A risk evaluation from a system security perspective is known as a risk assessment (or security assessment).  The process of the risk evaluation is detailed in NIST SP 800-30, Guide for Risk Assessments and NIST SP 800-39, Risk Management.

Risk evaluation means risk identification.  Risk identification has 7 mains steps  (two additional steps dedicated to recommendation and documentation):

1)  System characterization –  a System Security Plan (SSP).  Evaluate the Asset information covers the following:

  • Hardware
  • Software
  • System interfaces (e.g., internal and external connectivity)
  • Data and information
  • Persons who support and use the IT system
  • System mission (e.g., the processes performed by the IT system)
  • System and data critical (e.g., the system’s value or importance to an organization)
  • System and data sensitivity

2)  Threat Evaluation – Evaluate possible threat sources by looking at what negative activities are likely to happen to the system.

3)  Vulnerability Evaluation – Look at the vulnerabilities and evaluate the biggest weakness in the systems.

4)  Security Control Evaluation – Examine what controls the system already has applied.

risk evaluation
risk evaluation

5)  Likelihood of occurrence evaluation – The probability that your asset will be exploited is based on the threat source motivation, threat capability, your vulnerability and the security controls you have in place.   Based on all these factors you can calculated the likelihood of an attack or disaster.

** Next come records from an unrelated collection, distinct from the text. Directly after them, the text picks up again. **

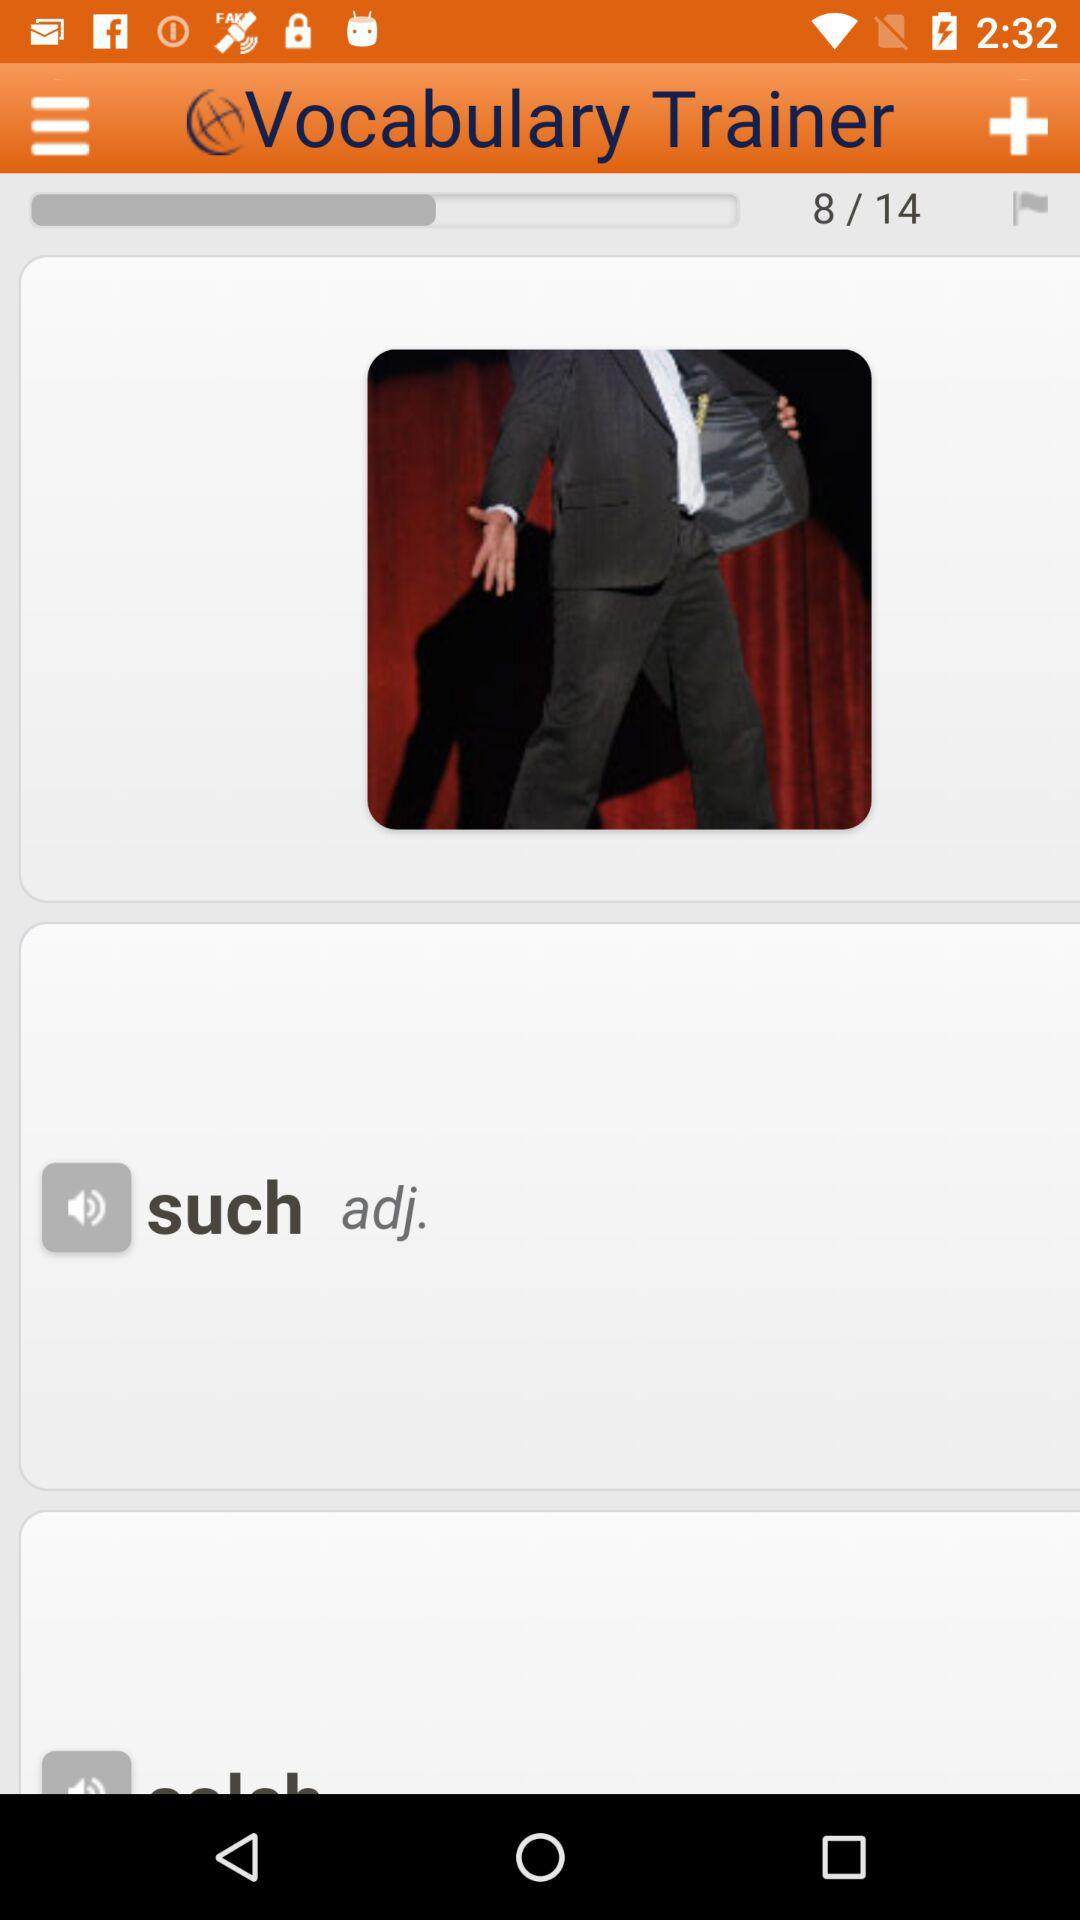Which word is an adjective? The word is "such". 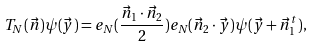<formula> <loc_0><loc_0><loc_500><loc_500>T _ { N } ( \vec { n } ) \psi ( \vec { y } ) = e _ { N } ( \frac { \vec { n } _ { 1 } \cdot \vec { n } _ { 2 } } { 2 } ) e _ { N } ( \vec { n } _ { 2 } \cdot \vec { y } ) \psi ( \vec { y } + \vec { n } _ { 1 } ^ { t } ) ,</formula> 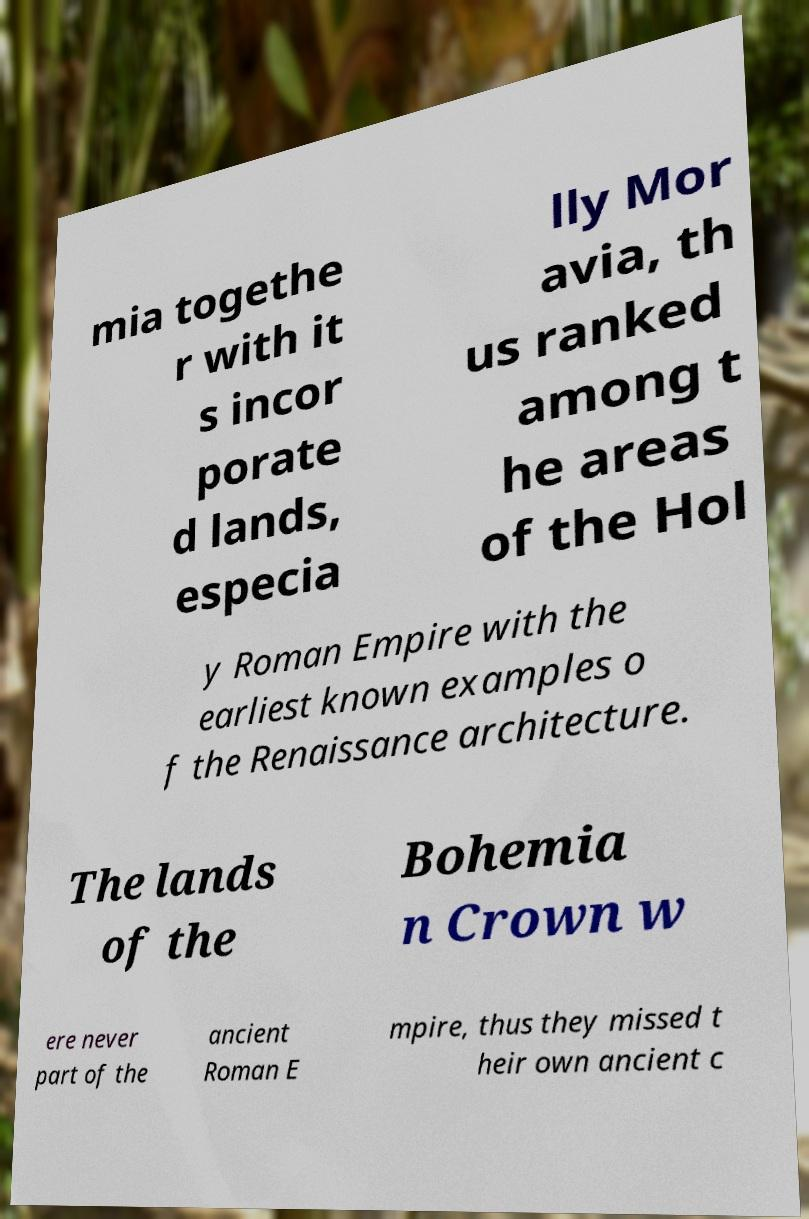Please read and relay the text visible in this image. What does it say? mia togethe r with it s incor porate d lands, especia lly Mor avia, th us ranked among t he areas of the Hol y Roman Empire with the earliest known examples o f the Renaissance architecture. The lands of the Bohemia n Crown w ere never part of the ancient Roman E mpire, thus they missed t heir own ancient c

6)  Impact Evaluation – This where you gather all the data from asset identification, threat source, vulnerability identification, security controls, likelihood of attack and figure you what would happen if something really did happen.  How important is your system and its data?  What would happen to the mission or bottom line or profits if the system went down for a few hours?  a few days? a few weeks?  Some system are so important that they cannot be down for even a minute.  Impact is very important to the level of risk.  The more important the system is, the high the risk.

7)  Risk Determination / Risk Evaluation – Based on all the data gathered you can make a pretty good risk determination.  You should have defined the systems components and what data is important, made a pretty good conclusion on threat sources and likelihood of the vulnerability exploits and know exactly what kind of impact there will be if the system goes down.